One must always take the “discussion” section of a psychological research report with a grain of salt. Empirical researchers tend to use a vocabulary of distance to describe their findings. But words are just words, not the findings themselves, and they often reflect a particular ideology hiding behind the neutral data. Phrases such as “reward system” and words such as “cues” evoke metaphors drawn from behaviorism that are anathema to most people who feel the world through their own skin and view the world through their own eyes. When a person struggling with alcoholism passes a liquor store and feels compelled to go in and buy a bottle of something, is the liquor store really a “cue?” Perhaps it would be closer to the person’s experience if we think of the liquor store as holding a powerful storyline buried deep in it by many past actions, a storyline that involves going in, paying for a bottle and then pulling from that bottle in the parking lot. That storyline can be understood as a kind of narrative envelope that insists on being filled in unique ways, that sucks the person into enacting an actual story – buying a different kind of alcohol today, sitting in a different parking spot in the parking lot.
The affordances of objects
We can think of our relation to all objects in our world as similar to that of an alcoholic to a liquor store. The ecological philosopher Gibson argues that we don’t perceive objects objectively and then infer how to use them. Rather, we see objects immediately, holistically, in term of what we can do with them. Objects appear to us as affordances for action.
Take the example of a fly. A fly sees the world in terms of its use for him, in terms of surfaces to land on, open spaces for flight, or obstacles that need to be avoided. Rather than “seeing” a world made of abstract objects, the fly’s sensory system is tuned to detect those features that are immediately relevant to its survival and behavior. The fly perceives the world in terms of what it can do with it - — landing here, flying that way, or dodging a potential threat. For the fly, and by extension for all organisms, the world is understood through its affordances — the opportunities for action that it presents.
In the human world, an affordance is a suggestion for a sequence of meaningful actions. For example, my office chair affords my sitting on it, turning on my computer and creating stuff with words on my desktop. The storyline pulls to be filled with a particular story that completes but also inevitably overflows its sketchy structure. This notion of objects exerting narrative pull revises the Freudian idea of cathexis, in which motivation starts in the body and then attaches to things. Here motivation lies neither in the body nor in things themselves but in a relation between the two, in the way things appear to a person and in what that person does with the object’s call to action, which depends on that person’s history with the object and on the culture in which that person lives. In short, as things become narratively weighted with our actions, they can be understood as exerting a pull for us to enact stories that fill their narrative outline.

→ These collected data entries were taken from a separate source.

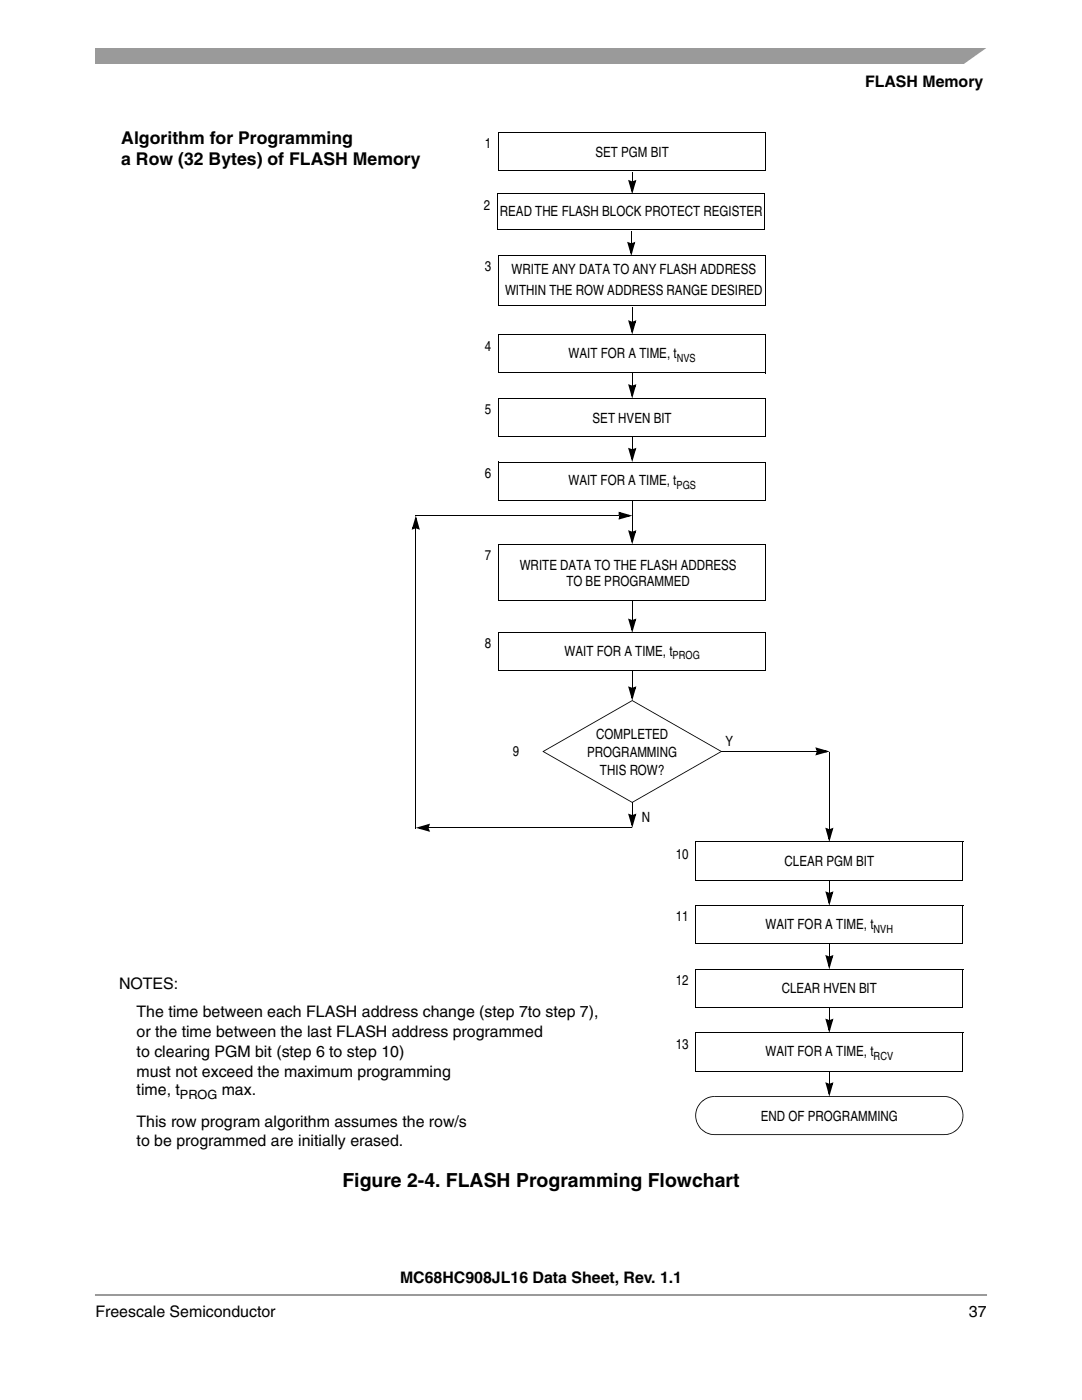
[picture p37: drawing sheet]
<svg xmlns="http://www.w3.org/2000/svg" width="216mm" height="279mm" viewBox="0 0 216 279" stroke-linecap="round" stroke-linejoin="round" font-family="sans-serif">
<defs><g id="words">
<text font-size="3.9" x="68.3" y="236.9">Figure 2-4. FLASH Programming Flowchart</text>
<g font-size="3.5">
<text x="24.2" y="28.7">Algorithm for Programming</text>
<text x="24.2" y="32.9">a Row (32 Bytes) of FLASH Memory</text>
</g>
<g font-size="3.2">
<text x="172.6" y="17.4">FLASH Memory</text>
<text x="23.7" y="197.4">NOTES:</text>
<text x="27.3" y="202.9">The time between each FLASH address change (step 7to step 7),</text>
<text x="27.3" y="206.9">or the time between the last FLASH address programmed</text>
<text x="27.3" y="214.9">must not exceed the maximum programming</text>
<text x="27.3" y="210.9">to clearing PGM bit (step 6 to step 10)</text>
<text x="27.3" y="218.6">time, t</text>
<text x="44.3" y="218.6">max.</text>
<text x="27.3" y="225">This row program algorithm assumes the row/s</text>
<text x="27.3" y="228.7">to be programmed are initially erased.</text>
<text x="79.8" y="256.1">MC68HC908JL16 Data Sheet, Rev. 1.1</text>
<text x="19" y="262.8">Freescale Semiconductor</text>
<text x="193.3" y="262.8">37</text>
</g>
<g font-size="2.8">
<text x="96.8" y="29.6">1</text>
<text x="118.8" y="31.2">SET PGM BIT</text>
<text x="96.6" y="41.8">2</text>
<text x="99.7" y="43.1">READ THE FLASH BLOCK PROTECT REGISTER</text>
<text x="96.8" y="54.1">3</text>
<text x="100.8" y="58.8">WITHIN THE ROW ADDRESS RANGE DESIRED</text>
<text x="102.1" y="54.8">WRITE ANY DATA TO ANY FLASH ADDRESS</text>
<text x="96.8" y="70">4</text>
<text x="113.5" y="71.5">WAIT FOR A TIME, t</text>
<text x="96.8" y="82.7">5</text>
<text x="118.2" y="84.3">SET HVEN BIT</text>
<text x="96.8" y="95.4">6</text>
<text x="113.4" y="96.9">WAIT FOR A TIME, t</text>
<text x="96.8" y="111.8">7</text>
<text x="103.7" y="113.8">WRITE DATA TO THE FLASH ADDRESS</text>
<text x="113" y="117">TO BE PROGRAMMED</text>
<text x="96.8" y="129.4">8</text>
<text x="112.6" y="130.9">WAIT FOR A TIME, t</text>
<text x="119" y="147.4">COMPLETED</text>
<text x="144.8" y="148.9">Y</text>
<text x="102.4" y="151">9</text>
<text x="117.2" y="151">PROGRAMMING</text>
<text x="119.7" y="154.6">THIS ROW?</text>
<text x="128.1" y="164.1">N</text>
<text x="134.8" y="171.5">10</text>
<text x="156.5" y="172.8">CLEAR PGM BIT</text>
<text x="134.8" y="183.9">11</text>
<text x="152.7" y="185.4">WAIT FOR A TIME, t</text>
<text x="134.8" y="196.6">12</text>
<text x="156" y="198.2">CLEAR HVEN BIT</text>
<text x="134.8" y="209.3">13</text>
<text x="152.7" y="210.8">WAIT FOR A TIME, t</text>
<text x="151.8" y="223.8">END OF PROGRAMMING</text>
</g>
<text font-size="2.5" x="35.9" y="219.4">PROG</text>
<g font-size="2.2">
<text x="135" y="72.2">NVS</text>
<text x="135" y="97.6">PGS</text>
<text x="134.2" y="131.6">PROG</text>
<text x="174.3" y="186.1">NVH</text>
<text x="174.3" y="211.5">RCV</text>
</g>
</g></defs>
<path d="M19 9.5h177.8v3.2h-177.8z" fill="#9a9a9a"/>
<path d="M192 13l5.3-3.8h1.5v3.8z" fill="#fff"/>
<path d="M19 257.2h177.8v2.8h-177.8z" fill="#fff"/>
<g fill="#9a9a9a">
<path d="M19 258.3v.3z"/>
<path d="M196.8 258.3v.3z"/>
</g>
<path d="M19 258.4h177.8" fill="none" stroke="#9a9a9a" stroke-width=".36"/>
<g fill="none" stroke="#000" stroke-width=".2">
<path d="M99.3 38.7h53.4M99.3 38.6v7.2M99.4 34.1h53.4M99.5 26.4v7.7M99.5 26.4h53.4M152.6 38.7v7.2M152.8 26.4v7.7M99.2 45.8h53.4M99.5 50.9v10.1M99.5 51h53.4M126 46.2v2.2M152.8 51v10.1"/>
<path d="M99.4 61h53.4M99.4 74.4h53.4M99.5 79.5h53.4M99.5 66.7v7.7M99.5 79.4v7.7M99.5 66.8h53.4M126.2 61.2v2.8M126.2 74.4v2.4M152.8 66.8v7.7M152.8 79.5v7.7M99.4 87.1h53.4M99.4 99.8h53.4"/>
<path d="M99.5 92.1v7.7M99.5 92.2h53.4M126.2 87.1v2.4M152.8 92.2v7.7M83 102.9h40.5M83 105.6v59.7M99.4 119.8h53.4M99.5 108.6v11.2M99.5 108.6h53.4M126.2 100v5.9M152.8 108.6v11.3M99.4 133.8h53.4"/>
<path d="M99.5 126.1v7.7M99.5 126.2h53.4M126.2 120.1v3.5M126.2 133.8v3.3M152.8 126.2v7.7M143.9 150h18.9M165.5 150.1v15.2M85.7 165.2h40.5M126.2 160.1v2.4M138.7 175.6h53.5M138.8 167.9v7.7M138.8 168h53.4"/>
<path d="M165.5 175.6v2.4M192.2 168v7.7M138.7 188.3h53.5M138.8 180.6v7.7M138.8 193.3v7.7M138.8 180.7h53.4M138.8 193.4h53.4M165.5 188.3v2.4M192.2 180.7v7.7M192.2 193.4v7.7M138.7 201h53.5M138.7 213.7h53.5"/>
<path d="M138.8 206v7.7M138.8 206.1h53.4M165.5 201v2.4M165.5 213.7v2.4M192.2 206.1v7.7"/>
</g>
<g fill="#000">
<path d="M125.7 36l.5 .2v.4l-.7-.2zM126.1 36h.1v.4h-.1zM126.1 34.3h.1v1.7h-.1zM125.3 35.9l.5 .3 .5 1.9-.3 .1 .5-2 .4 .1-.7 .3-.1-.4 .9-.3-.8 2.9zM125.5 48.4l.5 .2v.3l-.7-.2zM125.9 48.4h.1v.3h-.1zM125.1 48.3l.5 .2 .5 1.9-.3 .1 .5-2 .4 .1-.7 .3-.1-.3 .9-.4-.8 2.9zM125.7 64l.5 .2v.4l-.7-.2zM125.7 76.8l.5 .2v.3l-.7-.2zM126.1 64h.1v.4h-.1zM126.1 76.8h.1v.4h-.1zM125.3 63.9l.5 .3 .5 1.9-.3 .1 .5-2 .4 .1-.7 .3-.1-.4 .9-.3-.8 2.9z"/>
<path d="M125.3 76.7l.5 .2 .5 1.9-.3 .1 .5-2 .4 .1-.7 .3-.1-.3 .9-.3-.8 2.8zM125.7 89.5l.5 .2v.3l-.7-.2zM126.1 89.5h.1v.4h-.1zM125.3 89.4l.5 .2 .5 1.9-.3 .1 .5-2 .4 .1-.7 .3-.1-.3 .9-.3-.8 2.8zM82.9 102.8l.1 .2zM82.9 105.2h.2v.4h-.2zM83 102.9l.8 2.8-.5-.2-.5-1.9 .3-.1-.5 2-.3-.1 .6-.3 .1 .3-.9 .3zM82.9 105.1l.7 .2-.2 .3-.5-.2zM123.4 102.1l2.8 .8-2.8 .8 .2-.4 1.9-.6 .1 .4-2-.6 .1-.3 .1 .7h-.4zM123.4 102.9h.4v.6h-.4zM125.7 105.9l.5 .2v.4l-.7-.2zM126.1 105.9h.1v.4h-.1z"/>
<path d="M125.3 105.8l.5 .3 .5 1.8-.3 .2 .5-2 .4 .1-.7 .3-.1-.4 .9-.3-.8 2.8zM125.7 123.6l.5 .2v.3l-.7-.2zM125.7 137.1l.5 .2v.3l-.7-.2zM126.1 123.6h.1v.3h-.1zM126.1 137.1h.1v.4h-.1zM125.3 123.4l.5 .3 .5 1.9-.3 .1 .5-2 .4 .1-.7 .3-.1-.3 .9-.4-.8 2.9zM125.3 137l.5 .2 .5 1.9-.3 .1 .5-2 .4 .1-.7 .3-.1-.3 .9-.3-.8 2.8zM108.2 150l17.9-10.3 .1 .2-17.9 10.2 .1-.2 17.8 10.2v.1l-.1-.1 17.8-10.2 .2 .1-17.9 10.2zM126.1 139.7l17.9 10.2-.1 .2-17.8-10.2zM162.8 149.9h.4v.2h-.4zM163 149.9l.4 .1-.2 .6-.4-.2zM162.7 149.1l2.9 .9-2.9 .8 .2-.5 1.9-.5 .2 .3-2.1-.5 .1-.4 .3 .7-.3 .1z"/>
<path d="M85.3 165.1h.4v.2h-.4zM83 165.2l2.8-.8-.2 .4-1.9 .6-.2-.4 2.1 .6-.2 .3-.3-.6 .4-.2 .3 .9zM85.3 164.6l.4 .1-.2 .6h-.4zM125.7 162.5l.5 .2v.3l-.7-.2zM126.1 162.5h.1v.4h-.1zM125.3 162.4l.5 .2 .5 1.9-.3 .1 .5-2 .4 .1-.7 .3-.1-.3 .9-.3-.8 2.8zM165 178l.5 .2v.4l-.6-.2zM165 165.3l.5 .2v.4l-.6-.2zM165.4 178h.2v.4h-.2zM165.4 165.3h.2v.4h-.2zM164.7 177.9l.4 .2 .6 1.9-.4 .1 .6-2 .3 .1-.7 .4-.1-.4 .9-.3-.8 2.9zM164.7 165.2l.4 .2 .6 1.9-.4 .1 .6-2 .3 .1-.7 .4-.1-.4 .9-.3-.8 2.9z"/>
<path d="M165 190.7l.5 .2v.4l-.6-.2zM165.4 190.7h.2v.4h-.2zM164.7 190.6l.4 .2 .6 1.9-.4 .1 .6-2 .3 .1-.7 .4-.1-.4 .9-.3-.8 2.9zM139.9 219.9a3.9 3.9 0 0 1 2.7-1.2v.2l-1.4 .3-1.2 .8-.8 1.2-.3 1 .2 1.6 .6 1.2 1.1 .9 1.1 .4 46.4 .1 .8-.1 1-.4 .1 .2-1.1 .4h-.8h-45.7a3.8 3.8 0 0 1-2.7-1.1 3.9 3.9 0 0 1 0-5.5zM165 216.1l.5 .2v.4l-.6-.2zM165 203.4l.5 .2v.4l-.6-.2zM165.4 216.1h.2v.4h-.2zM165.4 203.4h.2v.4h-.2zM164.7 216l.4 .2 .6 1.9-.4 .1 .6-2 .3 .1-.7 .4-.1-.4 .9-.3-.8 2.9zM164.7 203.3l.4 .2 .6 1.9-.4 .1 .6-2 .3 .1-.7 .4-.1-.4 .9-.3-.8 2.9zM142.6 218.7h45.7a3.9 3.9 0 0 1 3.8 3 3.9 3.9 0 0 1-1.9 4.4l-.1-.2 .9-.6 .8-1.2 .2-1.1v-1.1l-.4-1-.9-1.1-.9-.6-1.1-.3h-46.1z"/>
</g>
<g fill="#000">
<path d="M125.6 36.2l.6 .2 .5-.2-.5 1.9zM125.4 48.6l.6 .1 .5-.1-.5 1.8zM125.6 64.2l.6 .2 .5-.2-.5 1.9zM125.6 77l.6 .2 .5-.2-.5 1.9zM125.6 89.7l.6 .2 .5-.2-.5 1.9zM83 103.5l.5 1.9-.5-.2-.6 .2zM123.6 102.4l1.9 .5-1.9 .6zM125.6 106.1l.6 .2 .5-.2-.5 1.9zM125.6 123.7l.6 .2 .5-.2-.5 1.9zM125.6 137.3l.6 .2 .5-.2-.5 1.9zM163 149.4l1.9 .6-1.9 .5 .2-.5zM83.6 165.2l1.9-.5-.2 .5 .2 .5z"/>
<path d="M125.6 162.7l.6 .2 .5-.2-.5 1.9zM165 178.2l.5 .2 .5-.2-.5 1.9zM165 165.5l.5 .2 .5-.2-.5 1.9zM165 190.9l.5 .2 .5-.2-.5 1.9zM165 216.3l.5 .2 .5-.2-.5 1.9zM165 203.6l.5 .2 .5-.2-.5 1.9z"/>
</g>
<use href="#words"/>
</svg>

So what is going on when the nucleus accumbens of an alcoholic under an FMRI machine lights up when an image of a liquor store flashes on the screen? This is not a simple matter of cause and effect. The affordances of a liquor store don’t cause the nucleus accumbens to light up any more than the lit-up nucleus accumbens causes the liquor store to pull powerfully toward the enacting of a story that fills its outline. Rather, both brain and liquor-store are best understood as operating on each other in a tight reciprocal relation. It is in the extreme tightness of this relation that life under addiction differs from ordinary life. The nucleus accumbens loses its plasticity, as does the liquor store. Both are highly sensitized toward each other. An addict’s attention tends towards objects that offer powerful storylines around use that suck them in with a rush toward a single ending: getting high. These affordances demand to be followed, allowing little creative surplus, only the merest variations in action and reaction. Human motivation in this mode is a drive, where mind and object fit so perfectly little room is left for doubt or hesitation, much less improvisation.
The addict’s voice isn’t quite their own, and yet they are likely to feel an even stronger sense of agency than other people. They want, they desire, they go after. What is going on here?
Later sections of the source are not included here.